Although the NF-κB signaling pathway and other two MAPK pathways were not significantly inhibited by low concentration of GBA, other studies demonstrated that GBA could inhibit the activation of ERK signaling and JNK signaling pathway in pancreatic cancer cells (34) and osteoclast formation (24), respectively. The inhibitory effect of GBA on NF-κB signaling pathway could also be found in lung metastasis (35). Furthermore, a previous report indicated that GBA (500 nM) inhibited the release of pro-inflammatory mediators by blocking the NF-κB signaling pathway (36). Consistent with their results, we observed that high concentration of GBA (160 nM) inhibited the NF-κB signaling pathway and suppressed the expression of iNOS and NO. Moreover, high concentrations of GBA (160 nM) suppressed the activation of ERK, JNK and p38 pathways. Thus GBA elicited inhibitory effect on various signaling pathways, including the NF-κB and MAPK pathways.

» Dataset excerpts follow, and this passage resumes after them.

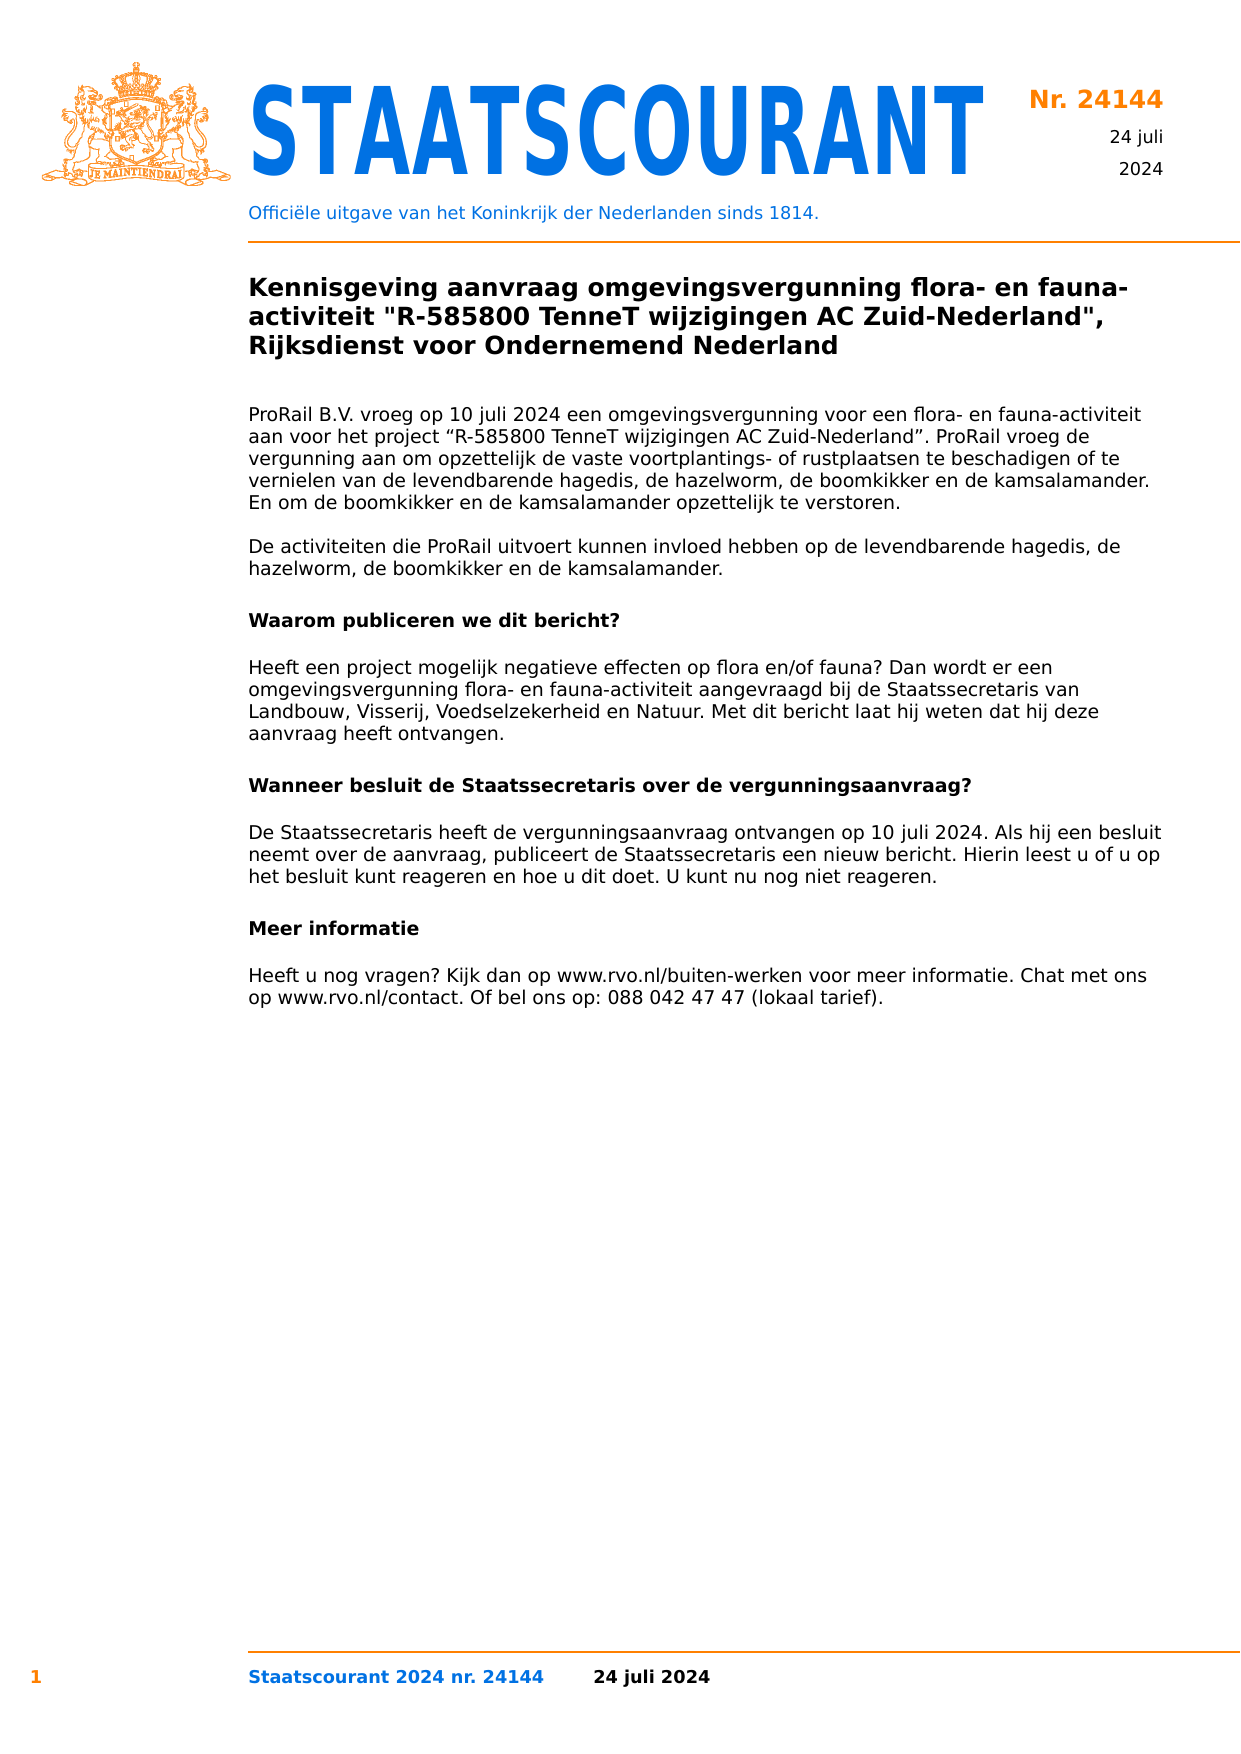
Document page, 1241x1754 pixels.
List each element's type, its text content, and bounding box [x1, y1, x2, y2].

table_header Nr. 24144 [998, 62, 1240, 121]
table_cell 24 juli [998, 121, 1240, 153]
text Heeft u nog vragen? Kijk dan op www.rvo.nl/buiten-werken voor meer informatie. Chat met ons op www.rvo.nl/contact. Of bel ons op: 088 042 47 47 (lokaal tarief). [248, 965, 1163, 1009]
subtitle Kennisgeving aanvraag omgevingsvergunning flora- en fauna-activiteit "R-585800 TenneT wijzigingen AC Zuid-Nederland", Rijksdienst voor Ondernemend Nederland [248, 273, 1163, 361]
text De activiteiten die ProRail uitvoert kunnen invloed hebben op de levendbarende hagedis, de hazelworm, de boomkikker en de kamsalamander. [248, 536, 1163, 580]
subtitle Wanneer besluit de Staatssecretaris over de vergunningsaanvraag? [248, 775, 1163, 797]
subtitle Waarom publiceren we dit bericht? [248, 610, 1163, 632]
table_header [25, 62, 248, 241]
text Heeft een project mogelijk negatieve effecten op flora en/of fauna? Dan wordt er een omgevingsvergunning flora- en fauna-activiteit aangevraagd bij de Staatssecretaris van Landbouw, Visserij, Voedselzekerheid en Natuur. Met dit bericht laat hij weten dat hij deze aanvraag heeft ontvangen. [248, 657, 1163, 745]
text De Staatssecretaris heeft de vergunningsaanvraag ontvangen op 10 juli 2024. Als hij een besluit neemt over de aanvraag, publiceert de Staatssecretaris een nieuw bericht. Hierin leest u of u op het besluit kunt reageren en hoe u dit doet. U kunt nu nog niet reageren. [248, 822, 1163, 888]
table_header STAATSCOURANT [248, 62, 998, 203]
table_cell 2024 [998, 153, 1240, 203]
table_cell Officiële uitgave van het Koninkrijk der Nederlanden sinds 1814. [248, 203, 1240, 241]
picture [41, 62, 231, 186]
text ProRail B.V. vroeg op 10 juli 2024 een omgevingsvergunning voor een flora- en fauna-activiteit aan voor het project “R-585800 TenneT wijzigingen AC Zuid-Nederland”. ProRail vroeg de vergunning aan om opzettelijk de vaste voortplantings- of rustplaatsen te beschadigen of te vernielen van de levendbarende hagedis, de hazelworm, de boomkikker en de kamsalamander. En om de boomkikker en de kamsalamander opzettelijk te verstoren. [248, 404, 1163, 514]
subtitle Meer informatie [248, 918, 1163, 940]

To identify natural compounds that prevent the LPS-induced inflammatory response, we identified GBA as an antagonist of LPS-induced pro-inflammatory cytokines. Interestingly, a low concentration (40 nM and 80 nM) of GBA significantly suppressed the p38 pathway, and a high concentration (160 nM) of GBA only suppressed the NF-κB and other MAPK pathways (ERK and JNK). Taken together, our data demonstrates that GBA inhibits the release of TNF-α, IL-1β and IL-6 mainly through suppression of the P38 pathway (Figure 4).

Figure 4

Model of the effects of gambogic acid (GBA) on lipopolysaccharide (LPS)-stimulated raw 264.7 cells. LPS triggers multiple intracellular signaling pathways, including the nuclear factor-κB (NF-κB) and mitogen-activated protein kinase (MAPK) signaling pathways. Activation of the NF- κB signaling pathway increases inducible nitric oxide synthase (iNOS), which produces nitric oxide (NO) and promotes pro-inflammatory cytokines. Pro-inflammatory genes, such as tumor necrosis factor-α (TNF-α), interleukin-6 (IL-6) and interleukin-1β (IL-1β), are upregulated upon activation of the MAPK signaling pathway. Low concentrations of GBA suppresses phosphorylation of p38; however, high concentrations of GBA has broader effects on both the MAPK and NF- κB signaling pathways, attenuating the release of pro-inflammatory factors.

Conclusion

This study demonstrated that GBA is a potential pro-inflammatory inhibitor due to the suppression of p38 pathway. In addition, the inhibition of NF-κB and other MAPK signaling pathways at high concentrations of GBA (160 nM) has an additive inhibitory effect on pro-inflammatory factor release. Given the importance of pro-inflammatory factor production in periodontitis and the potent inhibitory effect of GBA on inflammation, GBA is a promising compound for the treatment of periodontitis disease. Further studies are planned to test the efficacy of GBA in vivo.

Conflicts of Interest

The authors report no declarations of interest.